I think I will do this over the summer (factory kit).
Currently boiler gets air from interior (basement).
It is not fan forced or induced draft or whatever it's called (has a chimney - no plastic pipes).

Is this indeed an energy-saver?  Will there be operational issues?


----------



## Rhone (Jun 9, 2006)

Hmm... read this under *Derating or replacing oil burners *and read about the flame retention burner which will save you 20% of your fuel costs by blocking air from going out your chimney when not in use.  It sounds like your kit is that and read this where it talks about specifying a unit with outside/sealed air combustion and how it saves energy pretty far down the page.  It also warns about using them with unlined old chimney as their exhaust can be corrosive or something to that effect.  

Don't know if that's helpful but sounds like a wise choice if you can get the word it's compatible with your current chimney setup.


----------



## elkimmeg (Jun 11, 2006)

outside air supply to a boiler/ burner is never a bad idea In fact a good idea if competing appliances are in the same area.
 Whether it is an energy saver yes and no If lacking or competing for combustion air  complete combustion will be  assured with 
 the introduction of outside air. this will save money and improve effecienccy. However if totally satisfied with the inside air vollume then  not much will be gained. How do you know if it is the effeciency test are taken when during short periods of run time and do not indicate its running situation on peak demand mathicical formulars are available to claculate you indoor air vollume to see it it is satisfied


----------



## Don2222 (Jun 8, 2011)

Hello

I did this last summer. I used the  $99.00 F.W. Webb Air Boot for the Carlin Burner

See pics and inf  https://www.hearth.com/econtent/index.php/forums/viewthread/58408/

Works great and the house feels much warmer, since it is not pulling in cold air from all the cracks!!


----------



## begreen (Jun 8, 2011)

Whoa, 2006 thread with Elky commenting. Good to hear it's working for you Don.


----------



## Don2222 (Jun 8, 2011)

BeGreen said:
			
		

> Whoa, 2006 thread with Elky commenting. Good to hear it's working for you Don.



Thanks BeGreen

People do not realize that the new oil burners with blowers that now fire before the oil lights up really blows alot of air!!
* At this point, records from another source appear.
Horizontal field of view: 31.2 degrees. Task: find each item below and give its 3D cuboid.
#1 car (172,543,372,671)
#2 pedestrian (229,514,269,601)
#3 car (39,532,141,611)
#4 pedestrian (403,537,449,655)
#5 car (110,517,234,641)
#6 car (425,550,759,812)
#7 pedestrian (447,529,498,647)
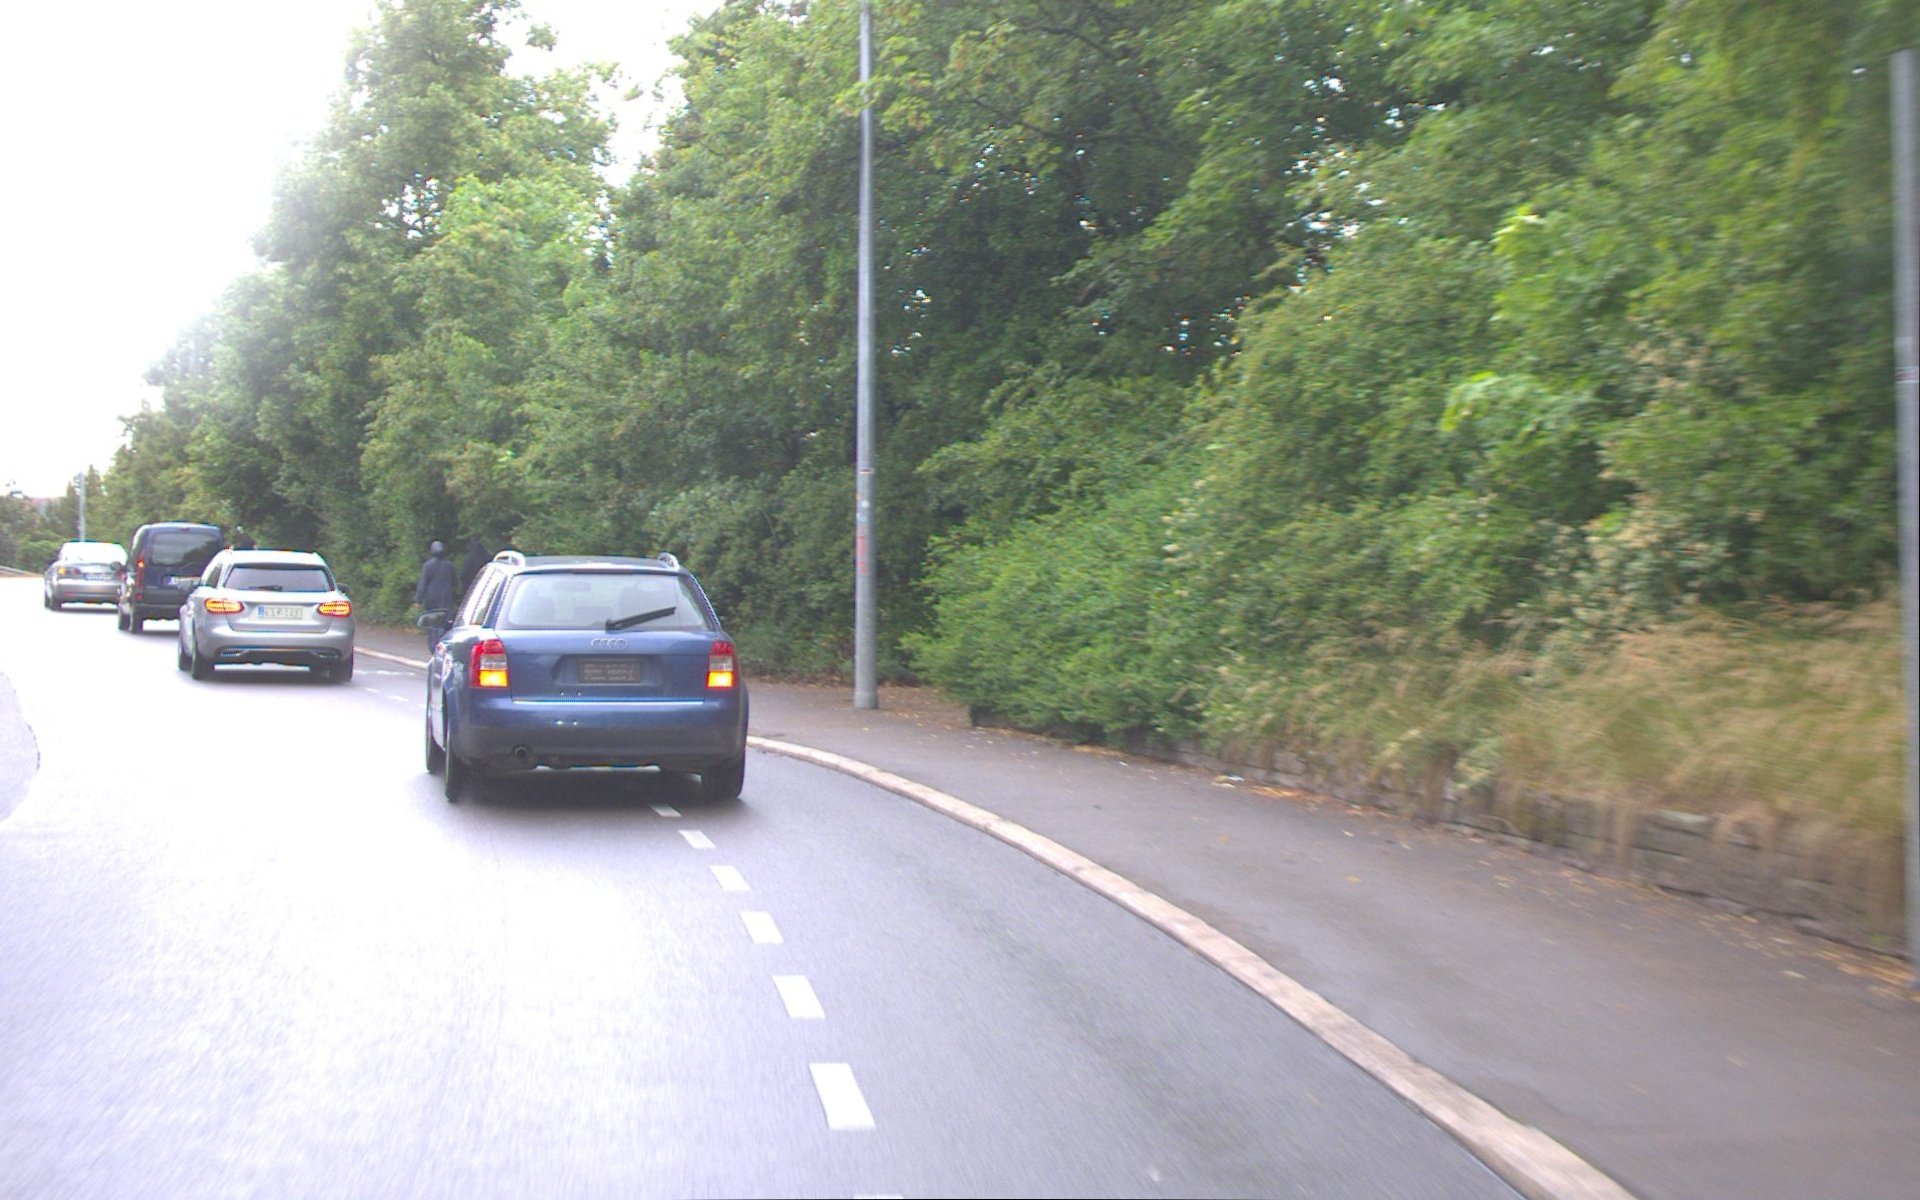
[{"bbox_3d":[-8.007,0.048,39.771,1.890,1.384,4.001,0,1,-17],"label":"car"},{"bbox_3d":[-15.148,-0.917,73.238,0.716,1.828,1.022,-1,1,-16],"label":"pedestrian"},{"bbox_3d":[-18.360,-0.617,72.461,1.821,1.611,3.786,-1,1,-18],"label":"car"},{"bbox_3d":[-7.115,-0.053,45.813,0.552,1.561,0.487,-1,1,-13],"label":"pedestrian"},{"bbox_3d":[-13.311,-0.329,57.954,1.788,1.947,4.001,-3,0,-15],"label":"car"},{"bbox_3d":[-2.340,0.427,21.021,1.746,1.403,4.001,1,1,-10],"label":"car"},{"bbox_3d":[-6.508,-0.168,45.901,0.595,1.561,0.669,1,1,-13],"label":"pedestrian"}]

The Air boot kit has 4" flex aluminum piping! That is alot of air moving, so using outside air really keeps the inside more comfortable!


----------



## velvetfoot (Jun 8, 2011)

As the originator of this thread, thanks!
Five summers later, I still haven't done it.
Things seem to run okay now, the way it is, but...
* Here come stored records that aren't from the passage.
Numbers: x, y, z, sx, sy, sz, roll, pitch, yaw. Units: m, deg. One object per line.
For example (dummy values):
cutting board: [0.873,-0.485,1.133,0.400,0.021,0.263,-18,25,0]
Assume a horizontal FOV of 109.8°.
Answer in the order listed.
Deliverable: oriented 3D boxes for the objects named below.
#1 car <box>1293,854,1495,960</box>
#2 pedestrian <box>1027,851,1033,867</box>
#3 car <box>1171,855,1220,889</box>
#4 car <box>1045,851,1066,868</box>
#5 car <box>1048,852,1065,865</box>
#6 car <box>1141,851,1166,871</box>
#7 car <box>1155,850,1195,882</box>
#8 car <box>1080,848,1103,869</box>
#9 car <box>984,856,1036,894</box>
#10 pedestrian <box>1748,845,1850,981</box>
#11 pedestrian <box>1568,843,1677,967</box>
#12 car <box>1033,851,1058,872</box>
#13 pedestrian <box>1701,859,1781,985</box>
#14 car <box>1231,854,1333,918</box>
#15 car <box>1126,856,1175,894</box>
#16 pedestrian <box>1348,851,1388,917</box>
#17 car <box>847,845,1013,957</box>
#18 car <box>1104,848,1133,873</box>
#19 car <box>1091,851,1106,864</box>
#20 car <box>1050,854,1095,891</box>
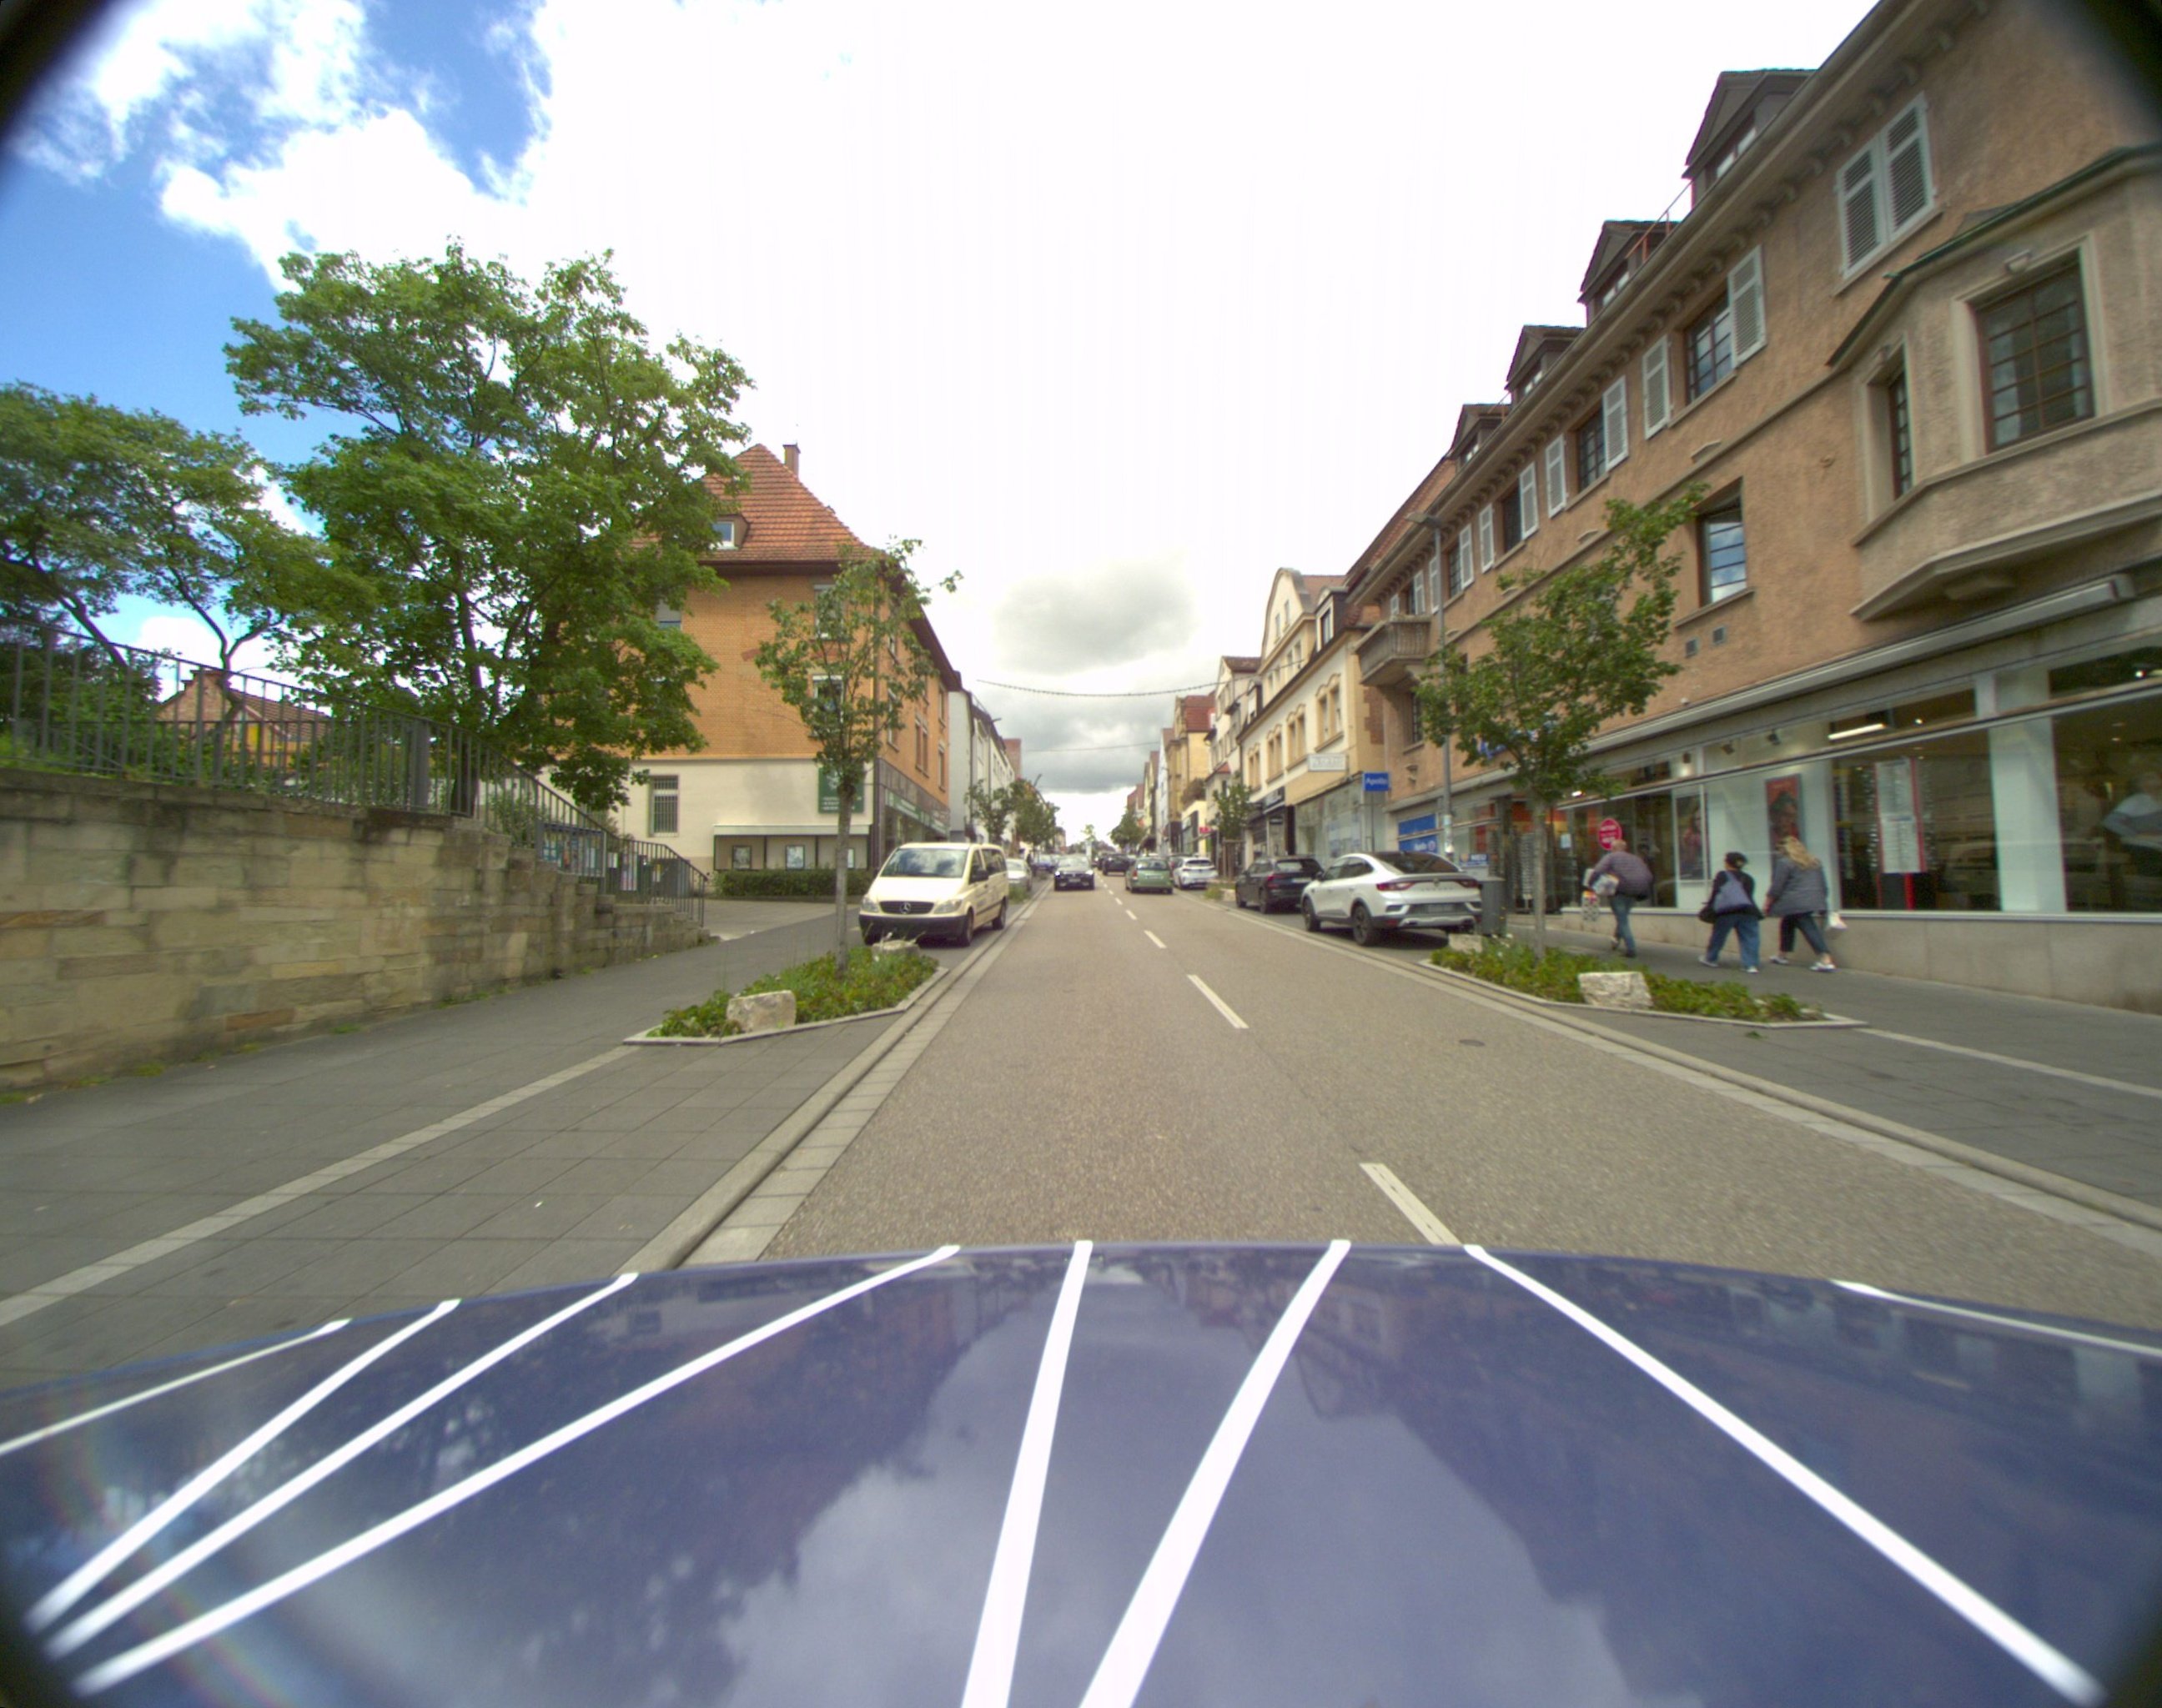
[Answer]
car: [5.385,0.800,13.781,1.730,1.564,4.454,-1,0,-2]
pedestrian: [-4.792,0.485,71.055,0.549,1.515,0.412,0,1,0]
car: [5.202,0.781,34.850,1.732,1.423,3.503,-1,1,0]
car: [-2.272,0.505,69.668,1.774,1.515,3.529,0,1,0]
car: [-2.675,0.513,83.162,1.690,1.365,3.529,0,1,0]
car: [5.688,0.515,59.957,1.690,1.515,3.529,0,1,0]
car: [5.179,0.612,42.247,1.732,1.670,3.991,-1,1,0]
car: [0.870,0.372,65.448,1.894,1.670,3.735,1,1,0]
car: [-2.968,0.839,32.453,1.816,1.439,3.945,2,0,-1]
pedestrian: [8.645,0.681,9.165,0.615,1.573,0.642,-1,1,-2]
pedestrian: [7.584,0.685,10.688,0.872,1.656,0.906,-1,1,-2]
car: [-2.765,0.574,59.545,1.774,1.515,3.529,0,1,0]
pedestrian: [7.939,0.797,9.151,0.497,1.469,0.528,-1,1,-2]
car: [5.485,0.812,21.239,1.668,1.517,3.962,-2,0,-2]
car: [2.888,0.829,32.379,1.686,1.492,4.153,0,0,0]
pedestrian: [7.060,0.734,18.739,0.629,1.564,0.650,-5,1,0]
car: [-2.733,0.765,15.093,1.889,1.836,5.032,0,0,5]
car: [2.586,0.411,52.997,1.830,1.679,3.859,0,1,0]
car: [2.041,0.399,90.285,1.690,1.403,3.529,0,1,0]
car: [-0.357,0.810,35.154,1.894,1.515,3.735,-2,1,0]

No problems with condensation (slug of water)?
I've also read of people putting a "U" in it (I think that was Alaska), to keep the cold air at bay when not operating.


----------



## steam man (Jun 8, 2011)

I have used an outside air kit for years made by Field Controls for use with their power venter. One of the things to consider is that just using outside air for combustion doesn't necessarily mean big savings since you still are heating the air for combustion, hence you are using fuel. If you use inside air it is already heated. Savings? The Field Controls unit uses the exhaust gases to preheat the incoming air at least a little bit to recover lost heat out the stack. I would say more savings this way but not sure how much without doing a heat balance. My issue is that I would like to figure out how to do the same with the barometric damper since it sucks out room air when running. There are some oil guys who say a damper is not needed with a power venter although Field Controls recommends it. I am thinking I could readjust the fixed damper inside the unit to stop the barometric one from pulling so much. Anyone have experience with this?


----------